We are looking for photographers and artists from all over the world, to submit your artwork to our Catalogues. Our Catalogues are published in different art genres, ad books or CD, and distributed globally among art buyers, galleries, and mass media.

Also, you may propose art and photos for our Featured Artist and Featured Photographer sections.

Professional and advanced amateurs only, please.

For details, see www.Artenom.com

Send your details, with a link to images, to Info1@Artenom.com. Thank you.


----------



## motcon (Oct 3, 2003)

how much do you pay and what are your copyright terms?

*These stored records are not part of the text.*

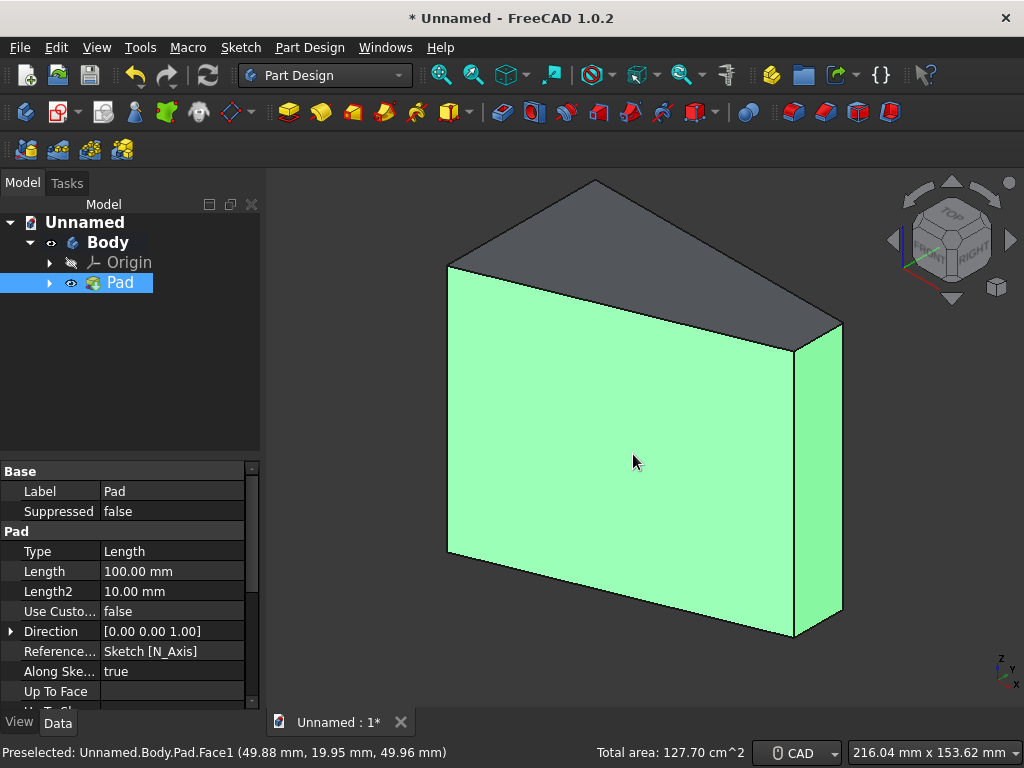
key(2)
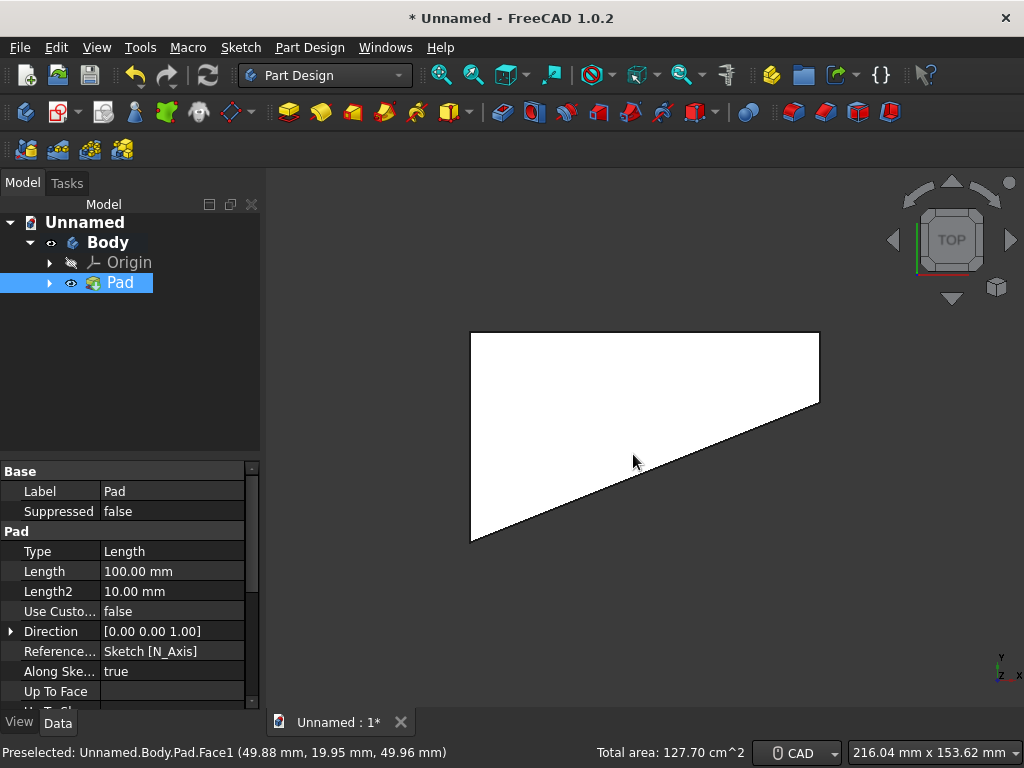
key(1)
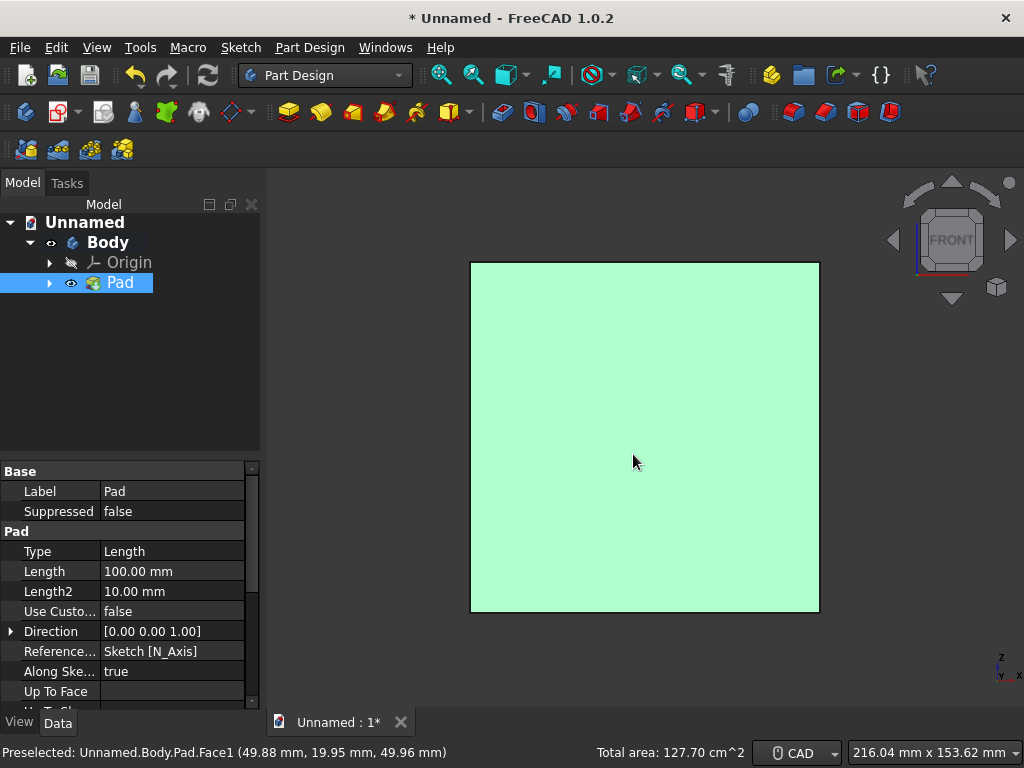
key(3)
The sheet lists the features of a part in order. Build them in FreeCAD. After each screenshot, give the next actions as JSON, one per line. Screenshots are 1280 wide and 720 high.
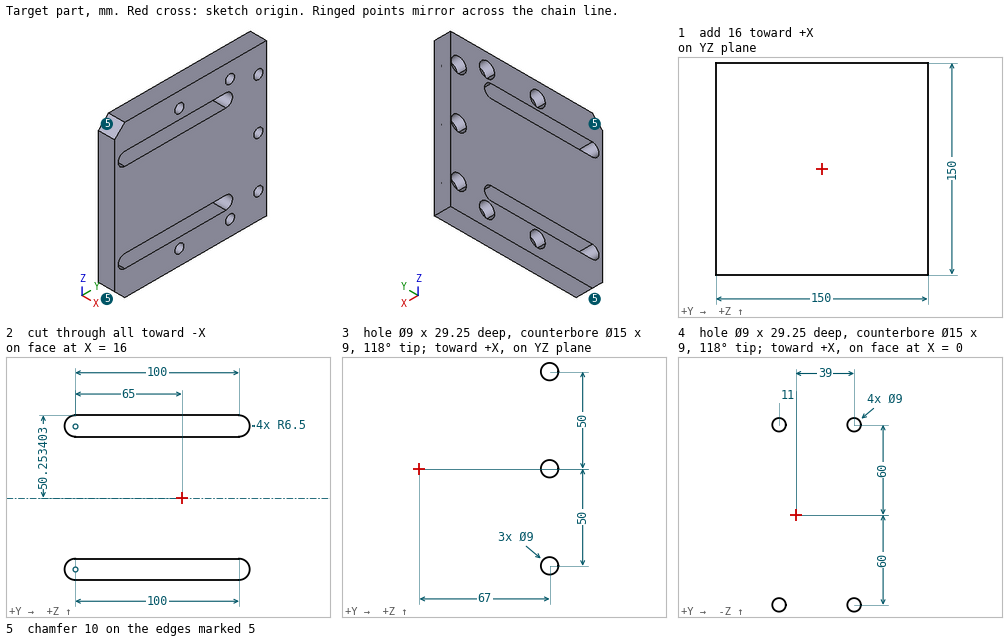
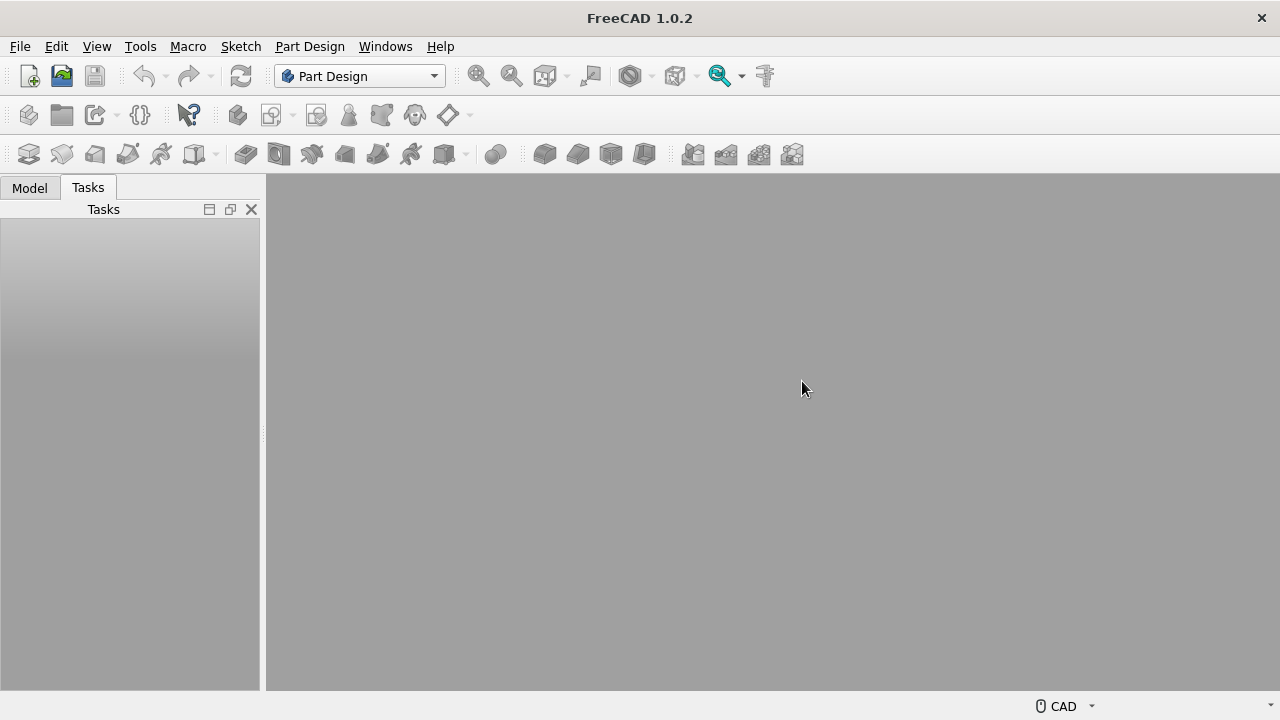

i saw somewhere on that site that the artist has to pay to be included in the 'publication'. i have never known an 'artist' to do such a thing. 

please clarify.


----------



## Geronimo (Oct 3, 2003)

shouldnt this be in the professional forum?


----------



## Darfion (Oct 8, 2003)

Me thinks a cheeky bit of spamming is going on here


----------



## crystalview (Oct 8, 2003)

I agree....seems shady.


----------



## photong (Oct 9, 2003)

It sounded great (like a contest) until I read that we have to pay to get the images in. I&#8217;m all skeptical now


----------